**What you need to do**.
Nothing but the lines below from the one with "Convert code to" through the one with "( \tau ) \right | .</formula>" should be output, each exactly as given, and no pictures.

----- Dataset records

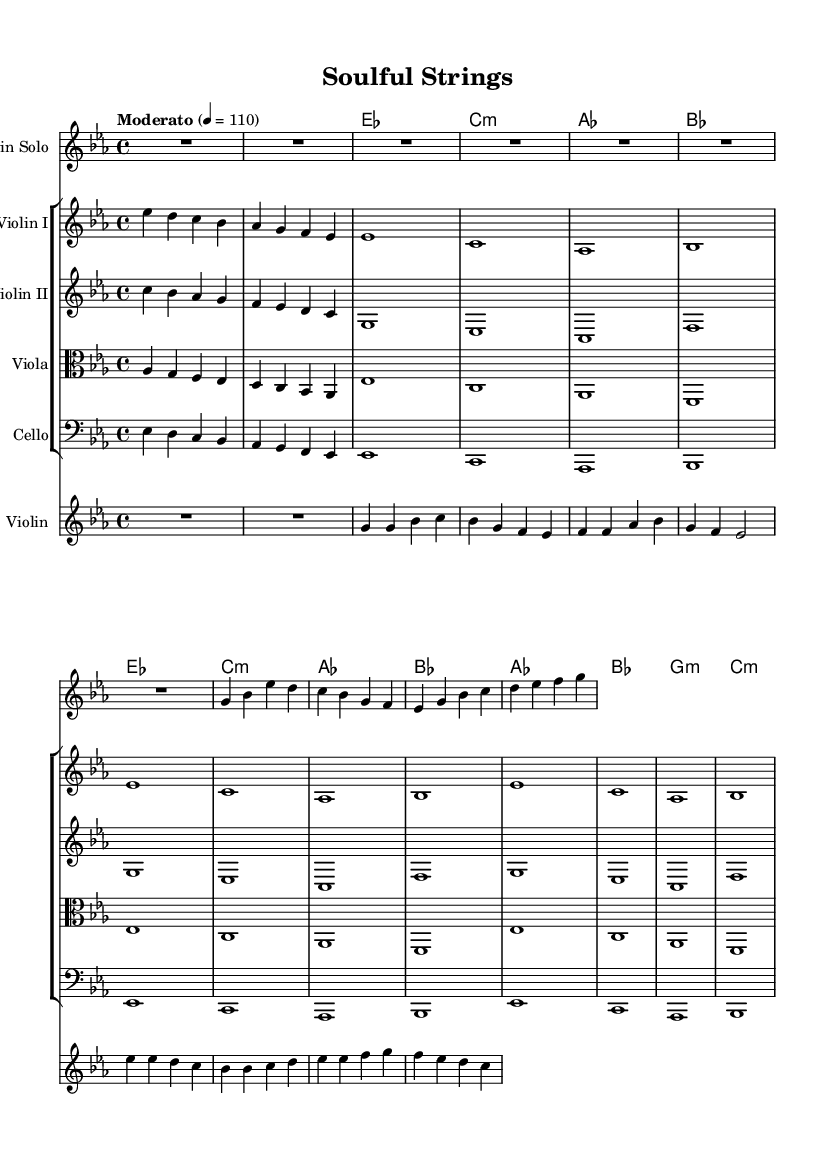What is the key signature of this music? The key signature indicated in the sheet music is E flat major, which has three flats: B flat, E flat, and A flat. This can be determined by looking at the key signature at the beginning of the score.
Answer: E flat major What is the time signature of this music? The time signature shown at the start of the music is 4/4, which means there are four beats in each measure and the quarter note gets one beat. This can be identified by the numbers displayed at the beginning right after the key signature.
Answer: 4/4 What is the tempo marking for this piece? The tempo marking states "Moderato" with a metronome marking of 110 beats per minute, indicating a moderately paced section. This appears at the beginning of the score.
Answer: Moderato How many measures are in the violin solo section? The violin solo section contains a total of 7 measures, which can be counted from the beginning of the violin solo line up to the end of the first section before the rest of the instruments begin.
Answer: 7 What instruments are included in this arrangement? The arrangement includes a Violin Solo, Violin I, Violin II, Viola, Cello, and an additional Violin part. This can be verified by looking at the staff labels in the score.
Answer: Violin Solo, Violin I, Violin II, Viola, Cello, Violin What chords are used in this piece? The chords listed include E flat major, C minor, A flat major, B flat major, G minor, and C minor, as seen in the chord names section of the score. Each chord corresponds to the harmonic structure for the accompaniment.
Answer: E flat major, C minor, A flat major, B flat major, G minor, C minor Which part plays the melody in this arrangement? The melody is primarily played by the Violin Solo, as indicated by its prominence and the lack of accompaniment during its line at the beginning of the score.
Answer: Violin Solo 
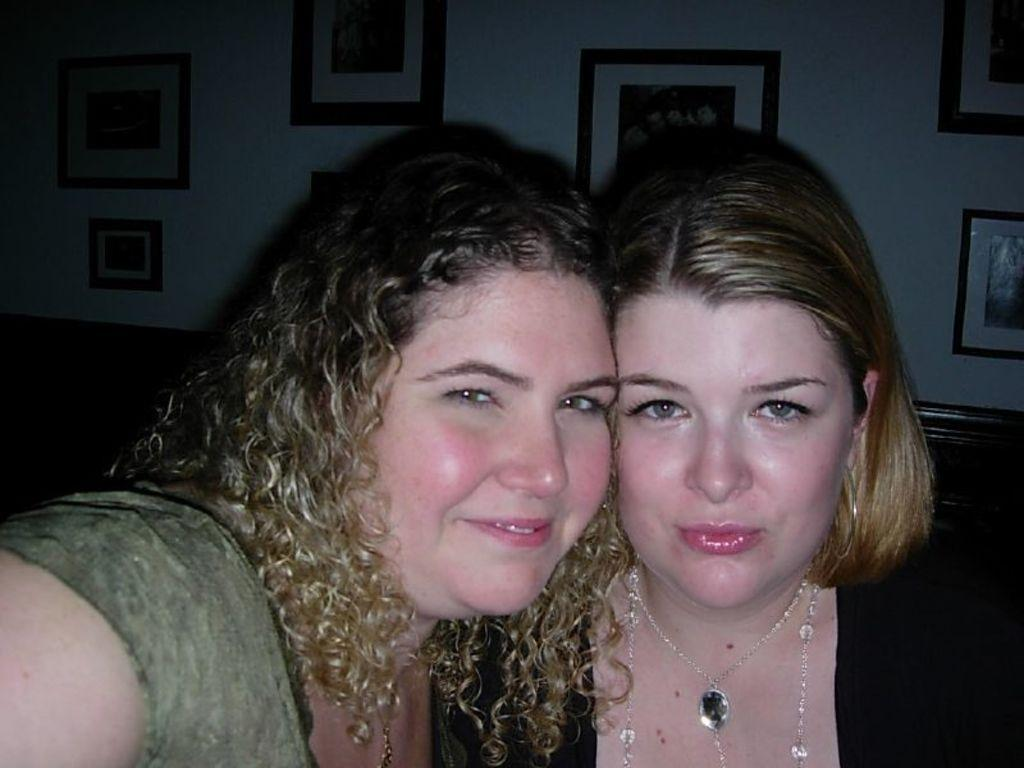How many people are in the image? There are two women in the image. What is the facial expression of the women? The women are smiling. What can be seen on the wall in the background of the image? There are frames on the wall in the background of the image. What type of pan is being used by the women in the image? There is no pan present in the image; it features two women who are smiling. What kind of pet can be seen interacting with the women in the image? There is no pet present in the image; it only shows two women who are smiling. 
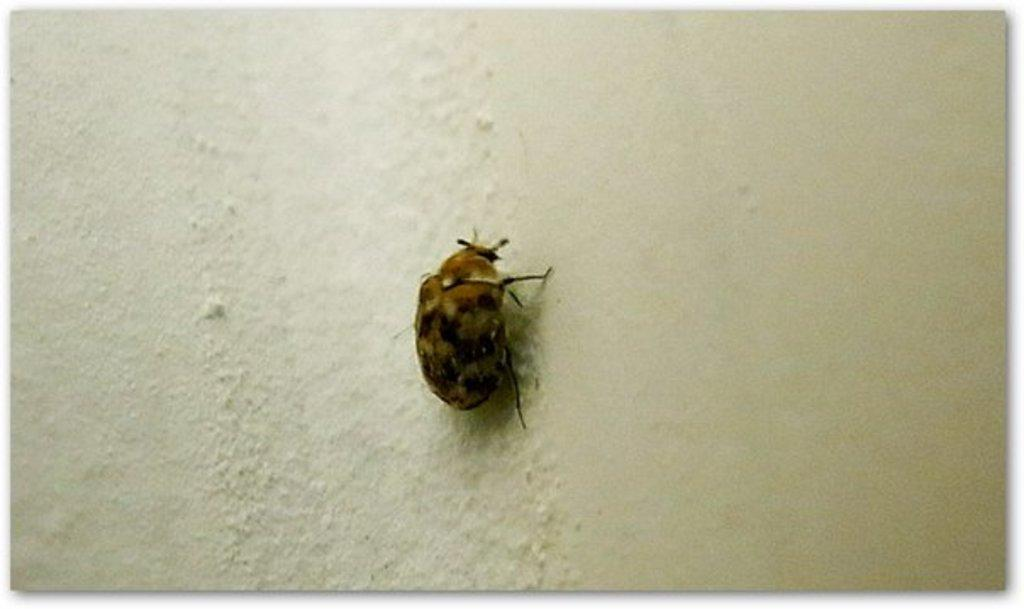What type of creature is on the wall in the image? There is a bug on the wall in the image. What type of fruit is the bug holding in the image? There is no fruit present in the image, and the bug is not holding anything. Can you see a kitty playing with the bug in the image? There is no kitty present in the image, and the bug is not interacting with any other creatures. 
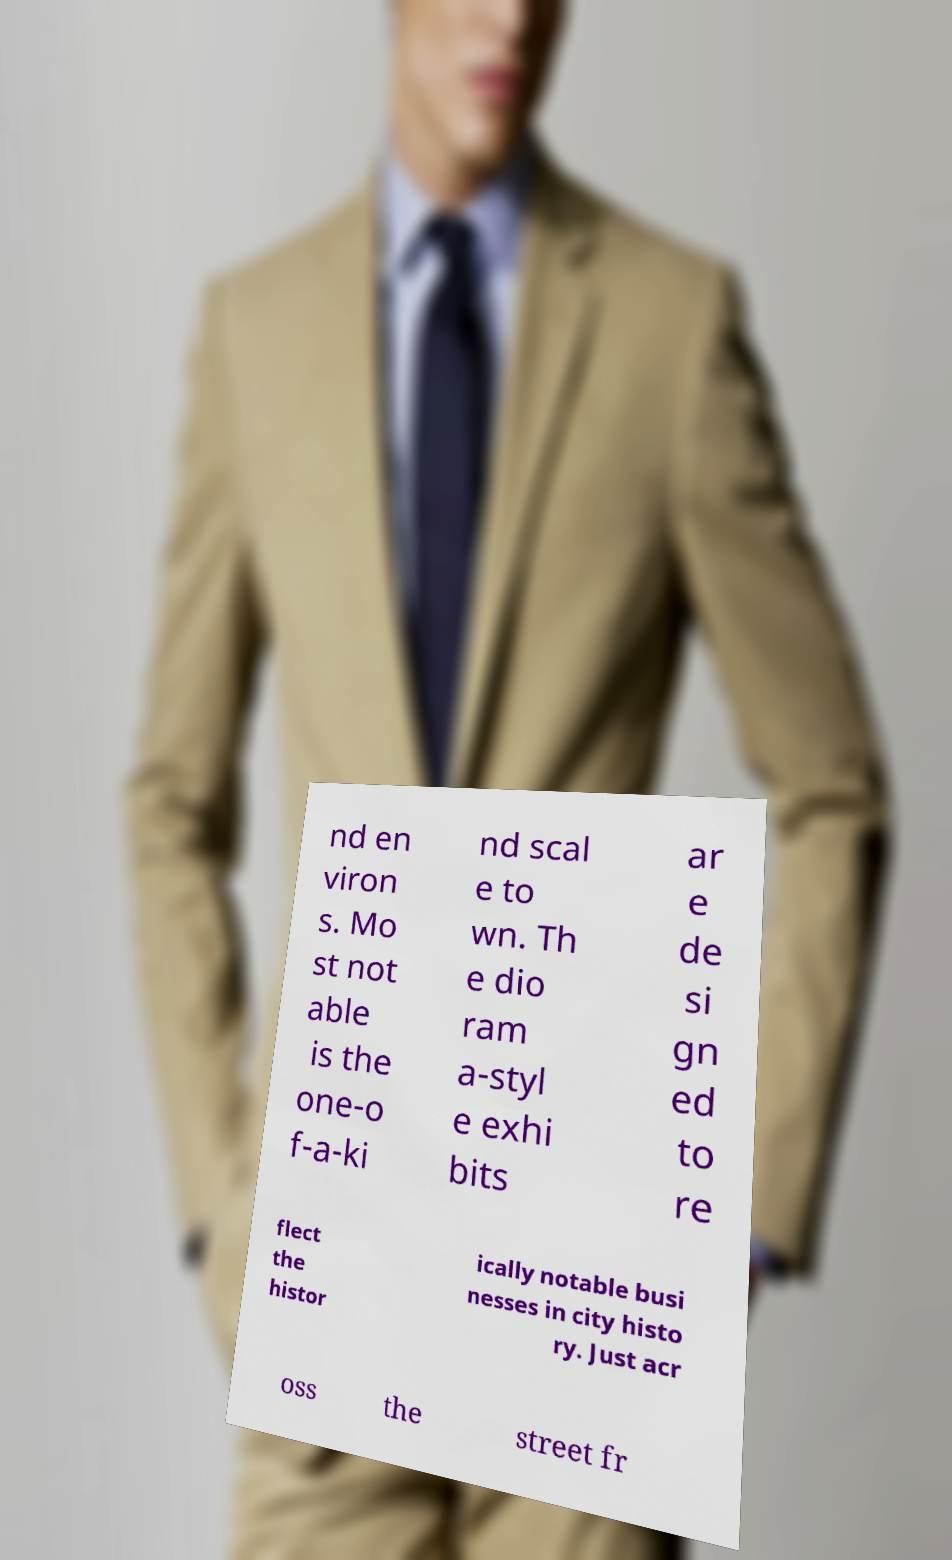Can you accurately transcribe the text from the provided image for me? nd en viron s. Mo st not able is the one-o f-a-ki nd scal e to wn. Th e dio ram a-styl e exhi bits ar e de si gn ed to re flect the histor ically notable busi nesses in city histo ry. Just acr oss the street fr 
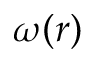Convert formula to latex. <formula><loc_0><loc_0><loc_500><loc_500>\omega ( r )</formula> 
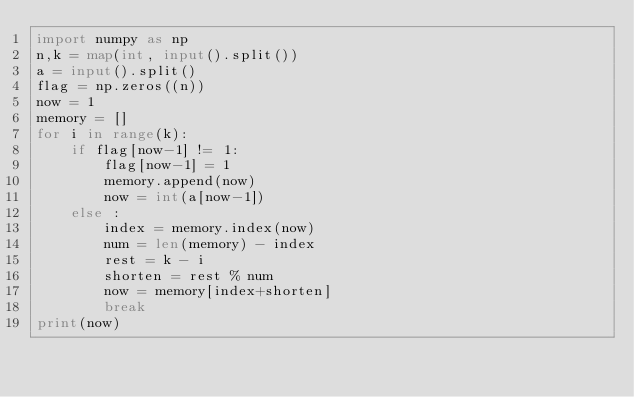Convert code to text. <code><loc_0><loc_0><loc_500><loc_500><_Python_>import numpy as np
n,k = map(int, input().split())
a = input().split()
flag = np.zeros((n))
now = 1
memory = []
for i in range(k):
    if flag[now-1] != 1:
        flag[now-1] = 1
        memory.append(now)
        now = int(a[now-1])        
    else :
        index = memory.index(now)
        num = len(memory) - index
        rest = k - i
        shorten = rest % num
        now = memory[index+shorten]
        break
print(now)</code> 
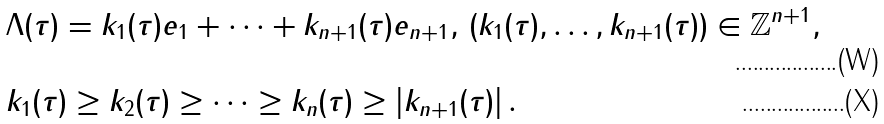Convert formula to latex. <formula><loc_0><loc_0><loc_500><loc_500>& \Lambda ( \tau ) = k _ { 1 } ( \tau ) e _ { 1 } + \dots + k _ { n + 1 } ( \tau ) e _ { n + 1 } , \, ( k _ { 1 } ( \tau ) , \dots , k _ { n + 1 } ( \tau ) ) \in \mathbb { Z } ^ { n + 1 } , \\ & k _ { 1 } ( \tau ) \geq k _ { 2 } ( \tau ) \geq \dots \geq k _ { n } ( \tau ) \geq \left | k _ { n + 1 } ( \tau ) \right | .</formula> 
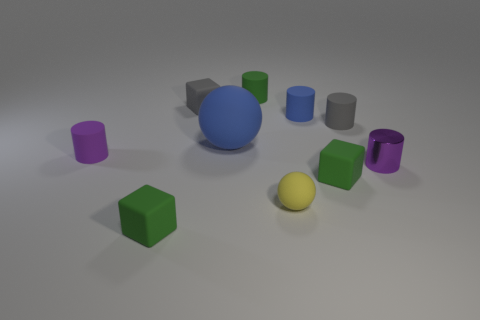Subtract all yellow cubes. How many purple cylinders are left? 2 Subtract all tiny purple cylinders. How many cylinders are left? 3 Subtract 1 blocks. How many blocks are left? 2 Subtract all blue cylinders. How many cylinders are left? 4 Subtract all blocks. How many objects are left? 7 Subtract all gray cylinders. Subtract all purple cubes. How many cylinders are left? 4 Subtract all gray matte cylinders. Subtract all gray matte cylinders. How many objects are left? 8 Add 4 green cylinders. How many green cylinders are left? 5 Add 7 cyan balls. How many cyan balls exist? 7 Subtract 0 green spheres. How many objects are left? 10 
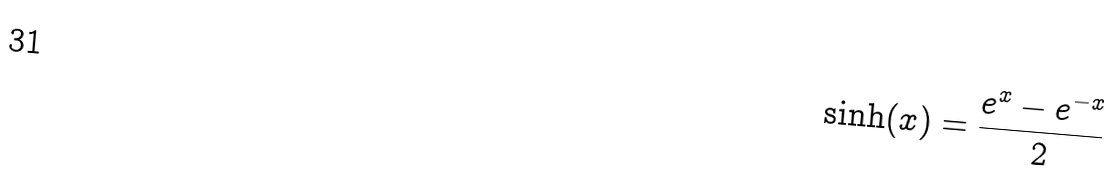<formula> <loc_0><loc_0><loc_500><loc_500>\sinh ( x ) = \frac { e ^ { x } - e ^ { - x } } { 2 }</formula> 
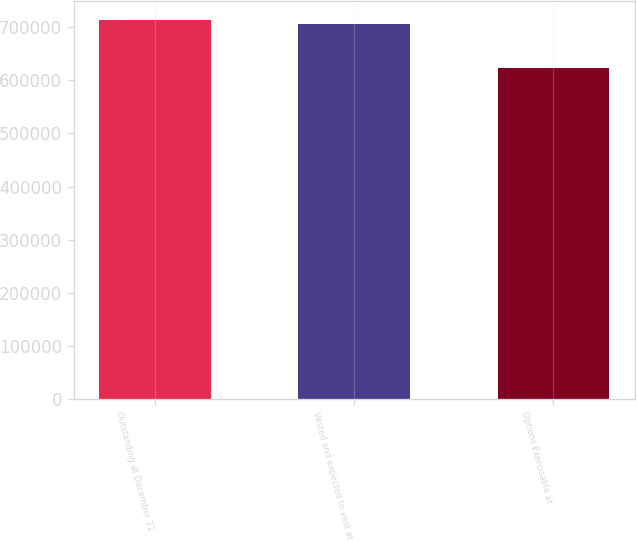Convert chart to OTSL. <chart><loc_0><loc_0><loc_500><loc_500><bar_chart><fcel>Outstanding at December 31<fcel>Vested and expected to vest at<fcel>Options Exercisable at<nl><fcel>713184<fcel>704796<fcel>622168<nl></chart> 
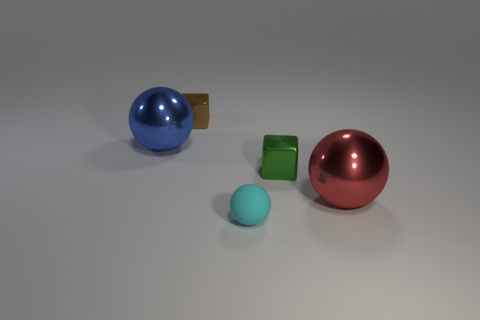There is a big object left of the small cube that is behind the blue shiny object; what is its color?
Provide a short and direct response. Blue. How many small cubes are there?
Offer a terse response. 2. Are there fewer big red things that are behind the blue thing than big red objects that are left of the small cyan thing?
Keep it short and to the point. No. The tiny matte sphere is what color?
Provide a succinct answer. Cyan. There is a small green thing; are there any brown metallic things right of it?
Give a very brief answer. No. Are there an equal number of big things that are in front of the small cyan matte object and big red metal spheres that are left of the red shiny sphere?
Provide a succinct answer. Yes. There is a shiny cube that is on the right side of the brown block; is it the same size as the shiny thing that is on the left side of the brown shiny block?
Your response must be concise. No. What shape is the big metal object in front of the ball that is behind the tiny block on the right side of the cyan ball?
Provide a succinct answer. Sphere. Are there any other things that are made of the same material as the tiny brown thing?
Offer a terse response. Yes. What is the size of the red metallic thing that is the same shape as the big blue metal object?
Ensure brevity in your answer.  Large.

----------

**Answer to this problem**.
Convert code to text. <code><loc_0><loc_0><loc_500><loc_500><_Python_>import numpy as np
n,k = map(int, input().split())
a = input().split()
flag = np.zeros((n))
now = 1
memory = []
for i in range(k):
    if flag[now-1] != 1:
        flag[now-1] = 1
        memory.append(now)
        now = int(a[now-1])        
    else :
        index = memory.index(now)
        num = len(memory) - index
        rest = k - i
        shorten = rest % num
        now = memory[index+shorten]
        break
print(now)</code> 
Convert formula to latex. <formula><loc_0><loc_0><loc_500><loc_500>& \Lambda ( \tau ) = k _ { 1 } ( \tau ) e _ { 1 } + \dots + k _ { n + 1 } ( \tau ) e _ { n + 1 } , \, ( k _ { 1 } ( \tau ) , \dots , k _ { n + 1 } ( \tau ) ) \in \mathbb { Z } ^ { n + 1 } , \\ & k _ { 1 } ( \tau ) \geq k _ { 2 } ( \tau ) \geq \dots \geq k _ { n } ( \tau ) \geq \left | k _ { n + 1 } ( \tau ) \right | .</formula> 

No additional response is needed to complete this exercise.